Published on 19 November 2013
Written by Michael Larabel
Page 1 of 12 - 34 Comments

AMD unveiled the Radeon R9 290 graphics card at the beginning of November as one step down from the new flagship Radeon R9 290X graphics card. Numerous Windows reviews praised the graphics card for its great performance, but what wasn't clear at the time was how the Linux performance and compatibility was for this new $399 USD graphics card. AMD hadn't offered any review samples to Phoronix for conducting any Linux-based testing and benchmarking, but it's more clear now why that didn't happen: the Linux performance isn't stellar. I bought an XFX Radeon R9 290 and now there's many Linux benchmarks coming out of this graphics card that's riddled by what might be driver issues. I already regret having purchased the AMD Radeon R9 290 for use on Linux; the graphics card is hot, power hungry, noisy, and the OpenGL results aren't too good.

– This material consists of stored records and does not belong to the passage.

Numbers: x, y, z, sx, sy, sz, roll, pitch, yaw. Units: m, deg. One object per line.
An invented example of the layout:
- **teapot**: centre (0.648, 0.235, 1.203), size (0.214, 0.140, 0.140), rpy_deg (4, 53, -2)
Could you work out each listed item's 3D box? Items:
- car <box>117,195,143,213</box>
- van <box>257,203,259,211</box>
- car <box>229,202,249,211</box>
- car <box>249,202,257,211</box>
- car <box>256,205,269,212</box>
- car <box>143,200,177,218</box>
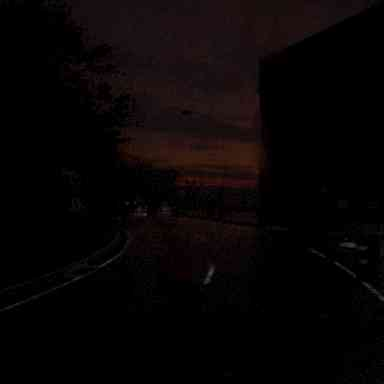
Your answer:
- **car**: centre (-5.863, 1.155, 33.289), size (2.097, 1.767, 4.553), rpy_deg (0, -1, 6)
- **van**: centre (11.780, 2.907, 65.001), size (1.878, 1.987, 4.442), rpy_deg (0, -3, 23)
- **car**: centre (7.481, 2.562, 54.760), size (2.002, 1.452, 4.674), rpy_deg (2, -2, 23)
- **car**: centre (9.598, 2.853, 59.824), size (2.163, 1.488, 4.792), rpy_deg (0, -3, 23)
- **car**: centre (16.014, 3.773, 75.045), size (2.002, 1.452, 4.674), rpy_deg (0, -3, 23)
- **car**: centre (-2.582, 1.380, 27.890), size (1.994, 1.385, 4.181), rpy_deg (0, 0, -17)

After AMD's successful Radeon R9 290X hardware launch in October, the Radeon R9 290 was announced on 5 November to much excitement. The Radeon R9 290 has 2560 Stream processors and has a 662MHz core clock, 947MHz Boost clock, and 4GB of 5GHz GDDR5 video memory with a 512-bit bus. The Radeon R9 290 "Hawaii" GPU has 160 texture unit ands 64 ROPs. Like the R9 290X, the R9 290 is considered a 28nm GCN 1.1 graphics processor and there's also TrueAudio support and many other common features shared with the R29 290X. By now you've likely ready at length about the Radeon R9 290 series so I'll leave my overview at that. The launch price for the Radeon R9 290 is $399 USD and in the days since the launch I've seen a flurry of graphics cards between the $400 USD and $450 USD price point. The XFX Radeon R9 290 being benchmarked at Phoronix was acquired for $420 USD.

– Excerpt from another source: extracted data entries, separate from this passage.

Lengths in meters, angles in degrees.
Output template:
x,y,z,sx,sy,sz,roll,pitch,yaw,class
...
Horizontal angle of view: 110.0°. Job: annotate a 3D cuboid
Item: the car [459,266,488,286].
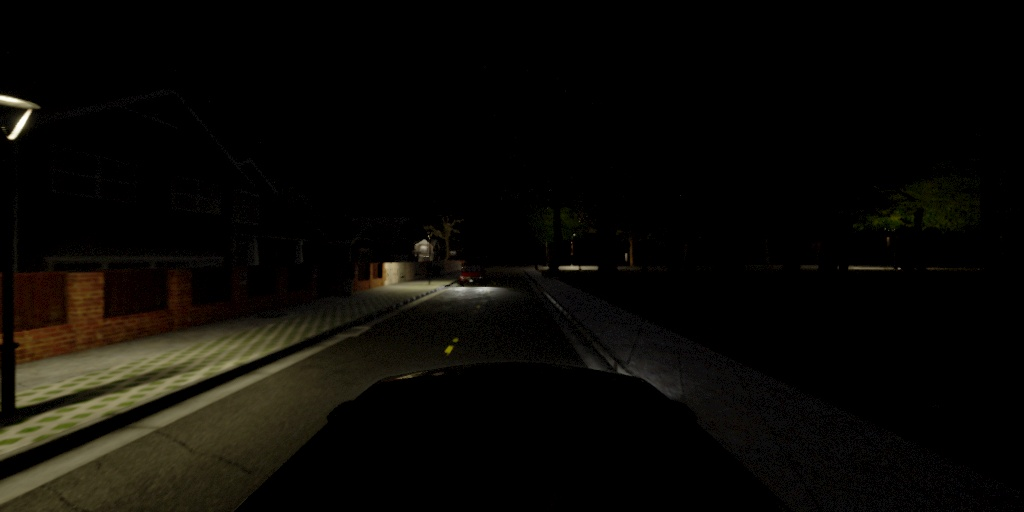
x,y,z,sx,sy,sz,roll,pitch,yaw,class
-2.851,1.483,27.346,1.812,1.442,4.674,0,0,0,car

When it comes to the Linux support for the Radeon R9 290/290X, there was same-day Catalyst Linux support. The binary Catalyst driver was updated in tandem with the Windows driver to ensure hardware support. In theory the Linux Catalyst driver is now at feature and performance parity to the Windows Catalyst driver, but we have certainly seen that deviate at times with much more tuning and testing being done for the Windows Catalyst driver. I won't be doing any R9 290 Linux vs. Windows benchmarks today, but I will on Phoronix in the weeks ahead; my most recent cross-OS Catalyst benchmarks can be found in AMD Gallium3D & Catalyst Drivers Compete Against Windows.